2. The 25th and 50th percentile are both almost zero.
3. 75th percetile is about 3 axil nodes.

In [None]:
sns.violinplot(data = normalized_df, x = 'Survival_status', y = 'Axil_nodes')

Observations:
1. The highest number of survival cases are when the number of Axil_nodes is close to zero.
2. However, there is also a decent chance of not surviving even though the number is closer to zero.

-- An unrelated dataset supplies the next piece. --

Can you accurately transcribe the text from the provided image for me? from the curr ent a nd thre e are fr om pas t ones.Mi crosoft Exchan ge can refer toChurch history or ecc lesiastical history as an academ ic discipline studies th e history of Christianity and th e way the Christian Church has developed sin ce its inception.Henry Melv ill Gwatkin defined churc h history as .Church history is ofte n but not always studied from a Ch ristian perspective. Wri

## Let's draw some Multivariate probability density plots

In [None]:
sns.jointplot(data = survived_df, x = 'Age', y = 'Axil_nodes')

In [None]:
sns.jointplot(data = survived_df, x = 'Age', y = 'Axil_nodes',kind = 'hex')

In [None]:
sns.jointplot(data = survived_df, x = 'Age', y = 'Axil_nodes',kind='kde')

#### Observation:
1. The age group 40-70 with Axil nodes less than 2 constitute the highest in survival cases.

In [None]:
sns.jointplot(data = died_df, x = 'Age', y = 'Axil_nodes',kind='kde')

Observation:
1. In case of deaths, people aged 50 and just around, constitute the highest although they have low number of Axil nodes.

## Summary
### 1. Most number of survival cases are recorded when the number of Axil nodes are zero or closer to zero.
### 2. Age and Op_year don't seem to be conveying a lot of information when examined alone.
### 3. In case of survivals, irrespective of age and operation year, most of them were when the Axil nodes were about zero.
### 4. In case of deaths, most deaths were recorded at ages between 40 and 60 although the Axil nodes were near zero.

## Conclusion
### Although we could point out the importance of Axil nodes in survival chances, it is also clear that it alone is not a predictor and there must be several other factors (maybe like previous illnesses,immunity etc.) pitching in predicting a person's survival.

Question: Was I right to under sample the data?